Aim of the exercise: Restate verbatim the span of lines below between the line with "Camera HFOV: 99.7 deg." and the line with "- small box (751, 308, 794, 357)", including those two lines, and only that span.

──────── Information ────────

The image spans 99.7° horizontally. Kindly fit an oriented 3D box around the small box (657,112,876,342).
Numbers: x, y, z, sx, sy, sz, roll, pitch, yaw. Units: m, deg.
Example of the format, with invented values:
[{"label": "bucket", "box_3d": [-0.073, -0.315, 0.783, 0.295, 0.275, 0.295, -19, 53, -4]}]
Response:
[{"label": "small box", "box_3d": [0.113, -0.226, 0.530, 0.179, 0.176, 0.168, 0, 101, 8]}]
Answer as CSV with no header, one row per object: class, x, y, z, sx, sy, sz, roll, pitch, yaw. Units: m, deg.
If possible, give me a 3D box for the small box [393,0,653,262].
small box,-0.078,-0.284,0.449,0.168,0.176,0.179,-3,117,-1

────────
──────── Information ────────

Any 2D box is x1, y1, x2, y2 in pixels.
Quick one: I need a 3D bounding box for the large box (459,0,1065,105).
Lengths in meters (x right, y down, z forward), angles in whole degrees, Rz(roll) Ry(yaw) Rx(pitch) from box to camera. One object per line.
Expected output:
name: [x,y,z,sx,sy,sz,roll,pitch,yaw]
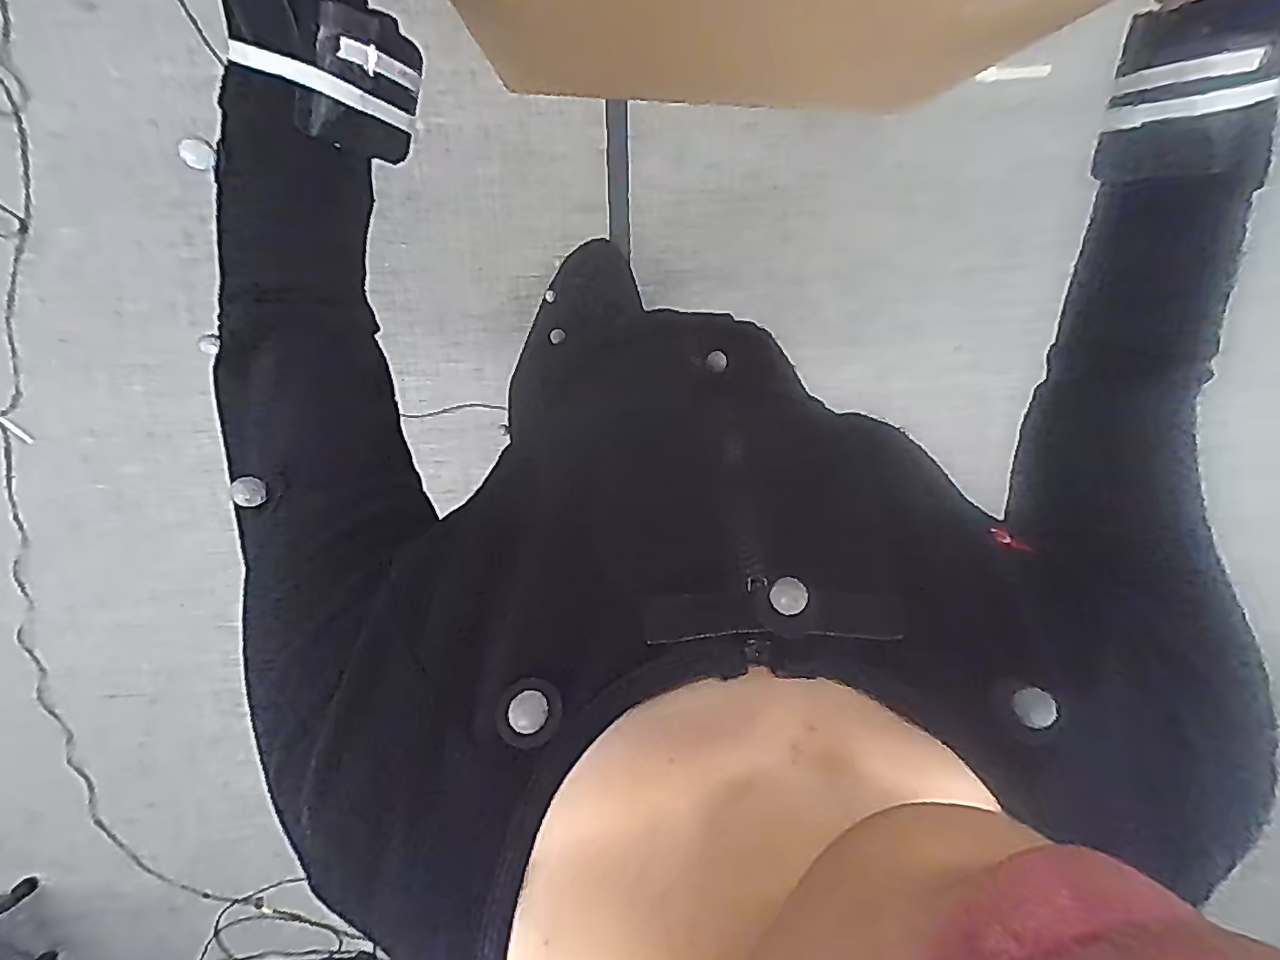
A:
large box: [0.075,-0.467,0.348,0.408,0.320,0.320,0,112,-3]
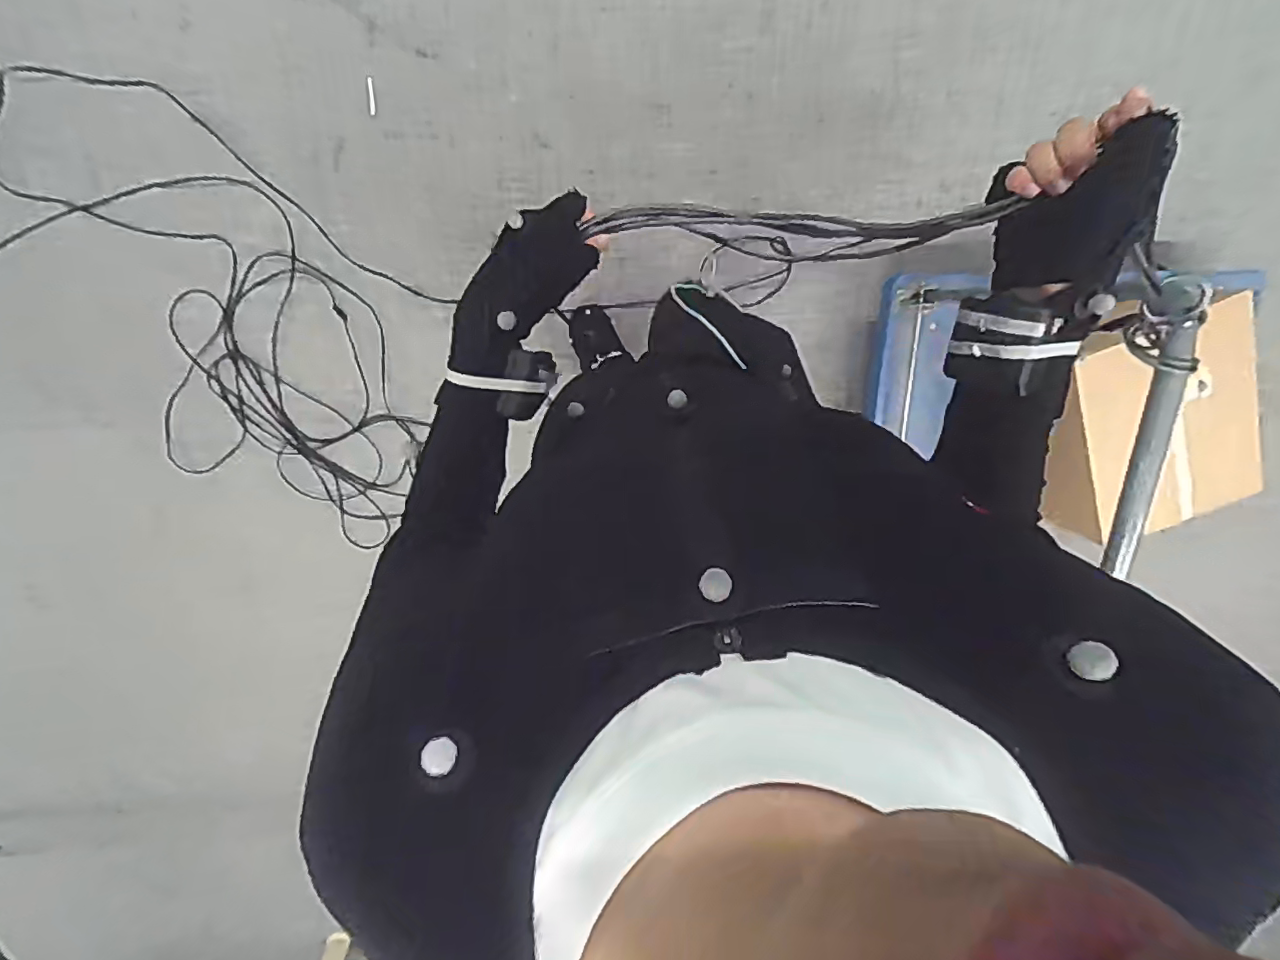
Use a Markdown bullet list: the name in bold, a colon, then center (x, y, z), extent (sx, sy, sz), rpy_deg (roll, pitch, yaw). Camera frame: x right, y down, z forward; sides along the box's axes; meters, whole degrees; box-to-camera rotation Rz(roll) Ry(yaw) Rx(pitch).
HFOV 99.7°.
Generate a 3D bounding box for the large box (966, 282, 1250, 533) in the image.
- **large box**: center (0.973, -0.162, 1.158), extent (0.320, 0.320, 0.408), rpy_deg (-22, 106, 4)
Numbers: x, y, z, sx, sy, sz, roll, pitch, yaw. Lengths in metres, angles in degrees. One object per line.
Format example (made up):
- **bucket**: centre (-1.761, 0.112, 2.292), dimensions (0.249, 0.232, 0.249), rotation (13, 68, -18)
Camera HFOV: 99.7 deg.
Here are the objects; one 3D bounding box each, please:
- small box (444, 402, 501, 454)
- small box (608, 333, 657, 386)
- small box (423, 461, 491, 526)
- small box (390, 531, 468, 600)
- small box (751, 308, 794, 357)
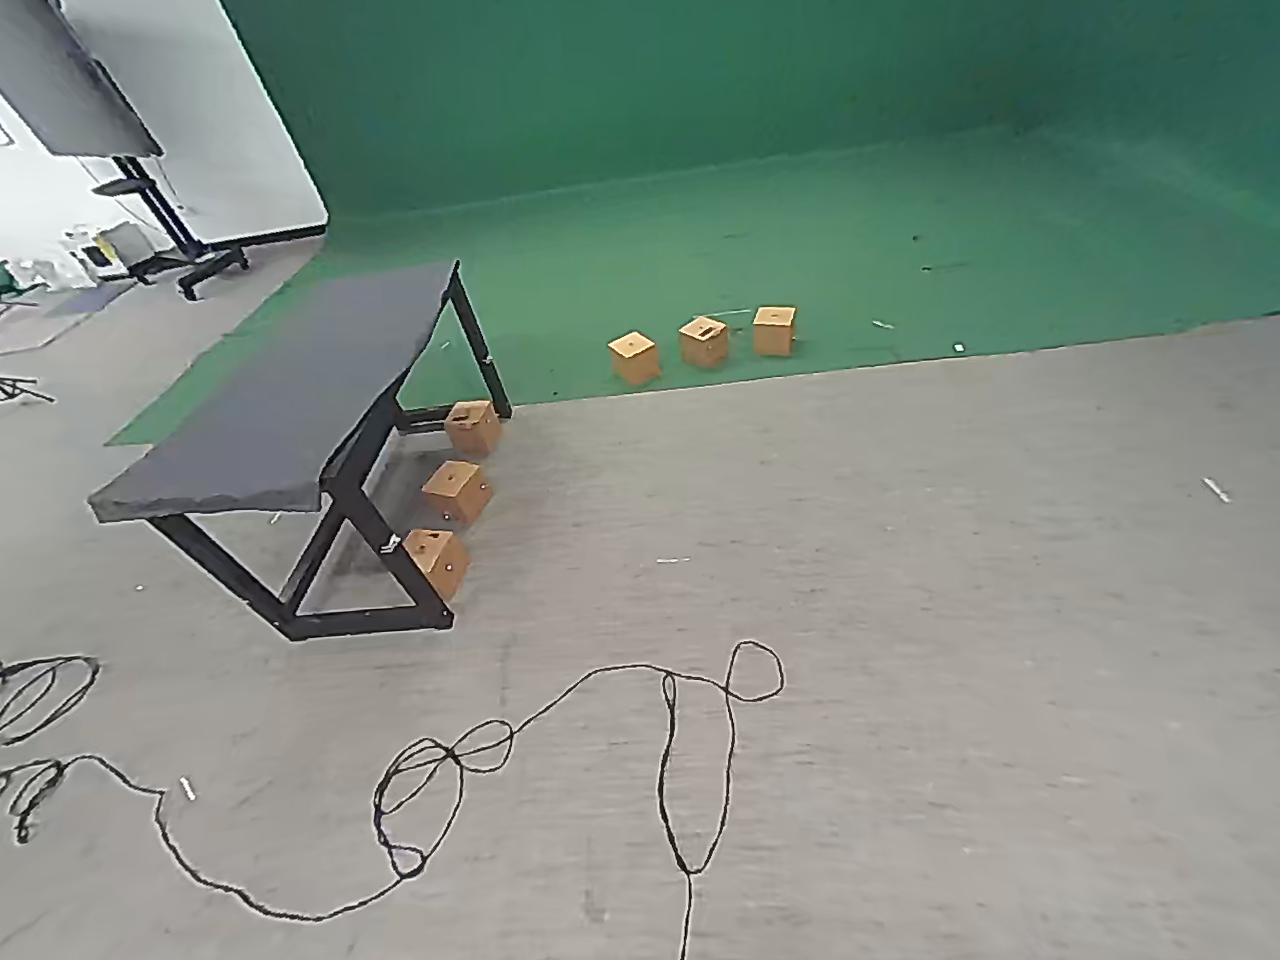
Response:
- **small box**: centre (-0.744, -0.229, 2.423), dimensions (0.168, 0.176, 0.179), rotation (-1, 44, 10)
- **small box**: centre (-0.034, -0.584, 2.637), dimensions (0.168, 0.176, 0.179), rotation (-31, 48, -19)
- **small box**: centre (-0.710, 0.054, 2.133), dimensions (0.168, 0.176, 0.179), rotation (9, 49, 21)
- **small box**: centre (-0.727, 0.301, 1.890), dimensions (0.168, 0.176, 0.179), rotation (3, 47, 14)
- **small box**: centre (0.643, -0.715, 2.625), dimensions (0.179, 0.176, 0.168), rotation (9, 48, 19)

────────
──────── Information ────────

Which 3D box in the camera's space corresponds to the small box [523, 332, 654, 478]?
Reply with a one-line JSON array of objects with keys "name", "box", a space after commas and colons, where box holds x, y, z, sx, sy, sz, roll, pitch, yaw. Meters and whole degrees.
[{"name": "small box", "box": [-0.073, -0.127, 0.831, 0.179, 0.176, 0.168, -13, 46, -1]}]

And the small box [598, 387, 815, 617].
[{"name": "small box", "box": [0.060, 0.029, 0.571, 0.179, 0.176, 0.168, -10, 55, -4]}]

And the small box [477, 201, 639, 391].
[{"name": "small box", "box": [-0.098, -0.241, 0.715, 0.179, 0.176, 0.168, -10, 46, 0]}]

────────

Exercise answer:
Camera HFOV: 99.7 deg.
Here are the objects; one 3D bounding box each, please:
- small box (444, 402, 501, 454)
- small box (608, 333, 657, 386)
- small box (423, 461, 491, 526)
- small box (390, 531, 468, 600)
- small box (751, 308, 794, 357)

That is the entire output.